New car finance data has highlighted the impact of WLTP emissions testing on the UK market as sales continue to fluctuate.
Information released by the Finance and Leasing Association (FLA) has shown that in October, new business volumes in the point of sale consumer new car finance market remained stable, compared to the same month in 2017, with 71,976 sales. The value of new business grew by 5% over the same period, to £1.5 billion (€1.7 billion).
However, the FLA’s data for the three months to the end of October reflect the impact of WLTP, especially in new vehicle supplies.
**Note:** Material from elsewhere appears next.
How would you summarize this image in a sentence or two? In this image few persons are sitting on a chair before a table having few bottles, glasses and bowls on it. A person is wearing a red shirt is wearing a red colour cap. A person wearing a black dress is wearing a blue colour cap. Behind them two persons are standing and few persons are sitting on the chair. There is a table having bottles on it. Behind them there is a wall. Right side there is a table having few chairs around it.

Some manufacturers had struggled to ensure all their models were compliant with the new emissions testing procedure when it came into force from 1 September, meaning older stock was pre-registered or discounted beforehand, while customers had to wait until compliant versions were ready.
During the three months, the volume of new car finance agreements declined by 7% to 246,085 as the value of advances fell by 5% to around £5 billion (€5.5 billion)
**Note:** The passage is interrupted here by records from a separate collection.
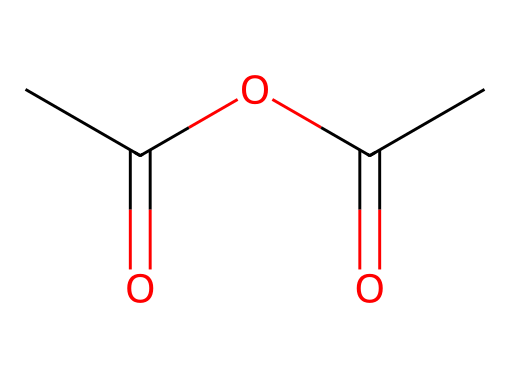how many carbon atoms are in acetic anhydride? The SMILES representation CC(=O)OC(=O)C shows four carbon atoms. Each 'C' represents a carbon atom, and there are four instances of 'C' in the SMILES.
Answer: four what functional group is present in acetic anhydride? Looking at the structure, the portions with C(=O) are carbonyl groups. Since they are linked by an oxygen, the functional group present is an anhydride.
Answer: anhydride how many oxygen atoms are present in acetic anhydride? The SMILES representation contains two occurrences of 'O' in the segment OC(=O), indicating there are two oxygen atoms in the structure.
Answer: two what type of bonds connect the carbon atoms in acetic anhydride? In the acetic anhydride structure, the carbon atoms are connected by single and double bonds. The connection to the carbonyl is a double bond (C=O), while C–C connections are single.
Answer: single and double bonds what is the molecular formula of acetic anhydride? To derive the molecular formula, count the atoms depicted in the SMILES: 4 carbon (C), 6 hydrogen (H), and 2 oxygen (O). The resulting molecular formula is C4H6O3.
Answer: C4H6O3 what property makes acetic anhydride useful as a chemical reagent? Acetic anhydride is a strong acetylation agent due to its ability to readily react with nucleophiles, making it efficient for various chemical reactions, especially in the synthesis of other compounds.
Answer: acetylation agent how does acetic anhydride relate to ester formation? Acetic anhydride acts as a source of acyl groups, facilitating the reaction with alcohols to form esters, which is a hallmark of its use in organic synthesis. This is characterized by nucleophilic attack by the alcohol on the acyl group.
Answer: forms esters

The number of new cars financed for business during October declined by 33% to 29,680, according to the FLA, with a decline of 22% (to 88,080) for the three months to the end of October.
Commenting on the figures, Geraldine Kilkelly, Head of Research and Chief Economist at the FLA, said: ‘The performance of the POS consumer new car finance market in October continued to reflect trends in private new car sales.
‘The consumer car finance market overall remains on track to report single-digit new business volumes growth in 2018 as a whole.’
While the new car market suffers, used cars continued to lead the way for the automotive industry in October, according to the figures.
The value of used car finance advances grew by 4% month-on-month to £1.6 billion (€1.8 billion) as volumes rose 8% to 130,313. During the three-month period to the end of October, the FLA has seen volumes grow 7% to 375,208 as the value of advances for the period grew by 13% to £4.6 billion (€5.1 billion)
The data also highlights the trend for businesses to turn to used cars, as WLTP affected tax rates together with supply volumes.
Although starting from a relatively low base, the FLA's data showed that the number of used cars financed for business during October soared by 125% to 9,482, with an increase of 43% in volume (to 18,105) for the three months to the end of October.
The FLA reported that the percentage of private new car sales financed by FLA members through the POS was 91% in the twelve months to October.
Speaking about the potential position of the used car market, Jayson Whittington, chief editor, Cars & Leisure Vehicles, Valuations at Glass’s, comments: ‘In January of this year the Glass’s editorial team predicted that 2018 would be the year that the ‘used car was king’, a slogan coined by Jonathan Brown, one of my editors. He was certainly right. I think 2019 will be just as strong.’
‘CO2 increases following the introduction of WLTP testing have impacted Benefit in Kind taxation for company car users. It is likely that some wishing to run a diesel company car, may instead choose to take a cash alternative, if they can, and buy their used diesel. This will, of course, increase the demand for diesel in 2019, but it will be 2020 where supply may become problematic, as this will be the first year that feels the impact of the diesel decline in the new market in 2017, where 219,000 fewer diesel cars were sold than the previous year.’